We will first start by studying unique factorization of ideals in number fields, we will define the Picard group of the ring of integers of a number field and prove that it is a finite group. Our next object of study will be the structure of the units group, the structure of the Galois group, the Frobenius elements, and ramification theory. The final topic will be an introduction to analytic number theory: after introducing the Dedekind Zeta function, we will prove the class number formula. If time permits, we will introduce the adeles and the ideles.

Recommended books:

The main references will be:

• Daniel A. Marcus, "Number fields".
• Pierre Samuel, "Algebraic Theory of Numbers". 
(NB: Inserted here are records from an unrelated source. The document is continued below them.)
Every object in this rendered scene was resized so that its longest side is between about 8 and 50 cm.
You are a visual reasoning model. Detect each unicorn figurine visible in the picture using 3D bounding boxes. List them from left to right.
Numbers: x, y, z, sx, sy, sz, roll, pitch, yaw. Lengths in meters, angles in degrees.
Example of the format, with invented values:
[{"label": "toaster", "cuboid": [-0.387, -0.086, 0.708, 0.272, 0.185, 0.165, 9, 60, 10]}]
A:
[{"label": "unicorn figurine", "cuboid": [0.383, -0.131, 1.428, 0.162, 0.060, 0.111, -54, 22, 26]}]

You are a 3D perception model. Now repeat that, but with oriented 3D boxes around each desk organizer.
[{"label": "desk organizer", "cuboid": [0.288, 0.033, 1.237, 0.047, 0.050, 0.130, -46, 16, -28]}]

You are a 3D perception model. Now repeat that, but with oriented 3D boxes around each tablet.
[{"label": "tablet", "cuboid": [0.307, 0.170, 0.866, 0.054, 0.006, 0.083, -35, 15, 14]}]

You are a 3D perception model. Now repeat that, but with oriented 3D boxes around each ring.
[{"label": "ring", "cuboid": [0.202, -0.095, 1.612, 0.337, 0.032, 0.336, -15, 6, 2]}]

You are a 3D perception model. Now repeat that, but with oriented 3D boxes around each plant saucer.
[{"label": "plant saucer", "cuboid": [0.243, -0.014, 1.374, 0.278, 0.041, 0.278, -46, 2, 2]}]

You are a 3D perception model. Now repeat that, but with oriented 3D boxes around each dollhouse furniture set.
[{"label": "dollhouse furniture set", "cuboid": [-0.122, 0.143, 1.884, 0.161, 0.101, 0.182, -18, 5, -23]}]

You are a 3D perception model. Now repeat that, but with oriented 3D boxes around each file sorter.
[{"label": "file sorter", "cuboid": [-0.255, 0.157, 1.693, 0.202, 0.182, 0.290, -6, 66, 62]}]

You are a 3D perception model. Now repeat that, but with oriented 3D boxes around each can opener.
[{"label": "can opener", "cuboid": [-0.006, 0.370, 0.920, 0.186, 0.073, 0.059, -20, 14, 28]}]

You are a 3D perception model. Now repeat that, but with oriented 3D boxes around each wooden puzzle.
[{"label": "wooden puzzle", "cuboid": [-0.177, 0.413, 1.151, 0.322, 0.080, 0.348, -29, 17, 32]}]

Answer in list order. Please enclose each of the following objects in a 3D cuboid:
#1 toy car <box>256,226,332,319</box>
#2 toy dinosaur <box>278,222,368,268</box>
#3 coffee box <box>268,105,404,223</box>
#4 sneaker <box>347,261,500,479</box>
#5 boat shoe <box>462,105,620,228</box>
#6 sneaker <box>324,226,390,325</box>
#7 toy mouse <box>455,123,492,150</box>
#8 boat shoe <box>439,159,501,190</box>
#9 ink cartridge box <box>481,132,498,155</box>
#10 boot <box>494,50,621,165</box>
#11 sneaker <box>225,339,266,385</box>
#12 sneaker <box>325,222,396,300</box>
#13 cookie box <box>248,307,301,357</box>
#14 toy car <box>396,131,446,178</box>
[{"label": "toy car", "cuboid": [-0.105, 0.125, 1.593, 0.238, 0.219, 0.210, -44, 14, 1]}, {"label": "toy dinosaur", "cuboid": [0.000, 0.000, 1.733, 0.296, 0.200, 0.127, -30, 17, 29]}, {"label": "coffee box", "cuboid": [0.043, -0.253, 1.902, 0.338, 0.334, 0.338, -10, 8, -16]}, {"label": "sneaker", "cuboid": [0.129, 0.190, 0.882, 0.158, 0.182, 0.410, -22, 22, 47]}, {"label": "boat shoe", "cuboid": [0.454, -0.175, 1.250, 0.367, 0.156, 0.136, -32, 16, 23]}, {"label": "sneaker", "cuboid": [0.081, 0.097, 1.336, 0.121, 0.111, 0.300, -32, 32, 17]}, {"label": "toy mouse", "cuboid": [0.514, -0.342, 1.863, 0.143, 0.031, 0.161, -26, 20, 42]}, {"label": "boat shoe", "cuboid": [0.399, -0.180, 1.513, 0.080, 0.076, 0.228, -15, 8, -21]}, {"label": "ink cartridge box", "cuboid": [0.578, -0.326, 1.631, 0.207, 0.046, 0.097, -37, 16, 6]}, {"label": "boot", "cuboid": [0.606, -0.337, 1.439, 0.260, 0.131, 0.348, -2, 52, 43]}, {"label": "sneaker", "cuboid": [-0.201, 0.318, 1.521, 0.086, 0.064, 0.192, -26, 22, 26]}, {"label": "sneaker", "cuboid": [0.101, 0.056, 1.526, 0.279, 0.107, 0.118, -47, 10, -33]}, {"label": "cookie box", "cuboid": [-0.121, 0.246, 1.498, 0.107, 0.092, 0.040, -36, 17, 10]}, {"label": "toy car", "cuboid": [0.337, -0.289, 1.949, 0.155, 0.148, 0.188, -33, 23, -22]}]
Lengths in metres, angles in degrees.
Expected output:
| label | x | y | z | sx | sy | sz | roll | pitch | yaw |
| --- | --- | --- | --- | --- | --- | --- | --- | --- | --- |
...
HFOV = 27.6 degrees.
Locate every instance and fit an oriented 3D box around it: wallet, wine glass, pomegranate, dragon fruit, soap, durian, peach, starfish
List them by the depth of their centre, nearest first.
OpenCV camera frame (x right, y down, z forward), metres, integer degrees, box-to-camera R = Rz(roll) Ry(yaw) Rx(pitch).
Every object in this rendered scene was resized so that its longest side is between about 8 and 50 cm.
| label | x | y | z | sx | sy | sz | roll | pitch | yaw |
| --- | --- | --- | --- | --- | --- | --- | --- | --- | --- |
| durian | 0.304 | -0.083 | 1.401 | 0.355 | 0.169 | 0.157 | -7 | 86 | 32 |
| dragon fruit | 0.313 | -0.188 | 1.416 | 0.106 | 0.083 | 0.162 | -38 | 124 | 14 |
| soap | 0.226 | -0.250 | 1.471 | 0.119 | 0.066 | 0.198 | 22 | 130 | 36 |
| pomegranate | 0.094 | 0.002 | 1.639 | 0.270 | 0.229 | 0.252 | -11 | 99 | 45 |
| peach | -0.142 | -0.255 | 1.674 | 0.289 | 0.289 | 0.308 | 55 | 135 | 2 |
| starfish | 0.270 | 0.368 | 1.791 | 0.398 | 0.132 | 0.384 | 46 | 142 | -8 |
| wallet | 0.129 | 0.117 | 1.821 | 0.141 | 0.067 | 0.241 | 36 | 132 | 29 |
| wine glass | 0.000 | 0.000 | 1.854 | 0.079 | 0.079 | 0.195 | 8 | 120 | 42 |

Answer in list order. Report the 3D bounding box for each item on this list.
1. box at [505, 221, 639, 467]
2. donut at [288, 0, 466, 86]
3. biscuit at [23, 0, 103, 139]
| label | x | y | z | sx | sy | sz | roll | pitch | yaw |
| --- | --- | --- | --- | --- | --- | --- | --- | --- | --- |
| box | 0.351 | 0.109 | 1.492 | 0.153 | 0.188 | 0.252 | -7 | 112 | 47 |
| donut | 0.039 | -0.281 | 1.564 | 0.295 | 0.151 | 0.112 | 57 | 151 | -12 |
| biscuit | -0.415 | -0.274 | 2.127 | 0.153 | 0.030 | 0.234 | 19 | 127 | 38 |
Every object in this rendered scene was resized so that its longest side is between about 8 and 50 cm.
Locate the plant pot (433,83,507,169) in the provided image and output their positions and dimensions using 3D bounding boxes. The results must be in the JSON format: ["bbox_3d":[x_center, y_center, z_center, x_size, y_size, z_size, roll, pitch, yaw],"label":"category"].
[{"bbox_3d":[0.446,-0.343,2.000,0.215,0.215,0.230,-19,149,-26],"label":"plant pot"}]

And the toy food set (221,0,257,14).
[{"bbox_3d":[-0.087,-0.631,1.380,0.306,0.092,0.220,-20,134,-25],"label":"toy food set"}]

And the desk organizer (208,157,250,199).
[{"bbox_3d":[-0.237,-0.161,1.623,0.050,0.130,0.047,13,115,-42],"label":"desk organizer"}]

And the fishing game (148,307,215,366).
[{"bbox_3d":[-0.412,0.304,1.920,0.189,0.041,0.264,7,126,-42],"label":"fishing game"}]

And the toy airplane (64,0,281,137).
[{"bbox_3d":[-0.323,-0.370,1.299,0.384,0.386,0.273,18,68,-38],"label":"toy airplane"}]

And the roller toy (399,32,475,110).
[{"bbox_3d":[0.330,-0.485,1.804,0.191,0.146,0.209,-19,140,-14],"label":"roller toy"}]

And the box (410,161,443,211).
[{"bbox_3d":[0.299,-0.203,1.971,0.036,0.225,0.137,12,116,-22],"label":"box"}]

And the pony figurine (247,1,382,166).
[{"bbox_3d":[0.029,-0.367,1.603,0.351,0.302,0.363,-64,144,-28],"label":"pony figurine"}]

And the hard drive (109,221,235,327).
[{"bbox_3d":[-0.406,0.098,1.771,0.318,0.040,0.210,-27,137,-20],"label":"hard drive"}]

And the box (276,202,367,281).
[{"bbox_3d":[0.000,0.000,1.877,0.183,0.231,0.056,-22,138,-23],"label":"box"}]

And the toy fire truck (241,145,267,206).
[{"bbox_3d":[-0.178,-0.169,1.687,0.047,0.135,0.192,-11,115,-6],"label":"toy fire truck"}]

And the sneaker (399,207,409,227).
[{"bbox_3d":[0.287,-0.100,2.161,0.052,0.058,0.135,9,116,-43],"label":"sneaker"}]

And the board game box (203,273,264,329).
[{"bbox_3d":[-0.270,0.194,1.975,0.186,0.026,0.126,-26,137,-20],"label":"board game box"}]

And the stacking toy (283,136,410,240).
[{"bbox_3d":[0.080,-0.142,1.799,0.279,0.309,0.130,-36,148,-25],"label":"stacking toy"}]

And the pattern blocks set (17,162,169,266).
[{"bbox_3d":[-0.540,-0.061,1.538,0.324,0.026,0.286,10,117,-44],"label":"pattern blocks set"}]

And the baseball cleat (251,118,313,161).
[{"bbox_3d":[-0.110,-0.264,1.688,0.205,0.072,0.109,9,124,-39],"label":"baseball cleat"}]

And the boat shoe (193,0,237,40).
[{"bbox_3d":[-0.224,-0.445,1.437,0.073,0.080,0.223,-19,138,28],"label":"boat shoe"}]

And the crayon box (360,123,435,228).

For more advanced reading and exercises, I recommend the following book:

• Jürgen Neukirch, "Algebraic number theory".
• Gerald J.Janusz, "Algebraic Number fields".

Prerequisites:

Math 122-123 (Algebra I-II) or equivalent.

Grading:

Homework will be assigned weekly. The solutions can either be scanned or typed and uploaded on Canvas. Homework will count for at least 70% of the final grade. Late homework can only be accepted under special circumstances. Collaborative work on homework is accepted but you must write your own solution as well as the names of the collaborators. There will be a midterm and a final exam, which will count for 30% of the grade.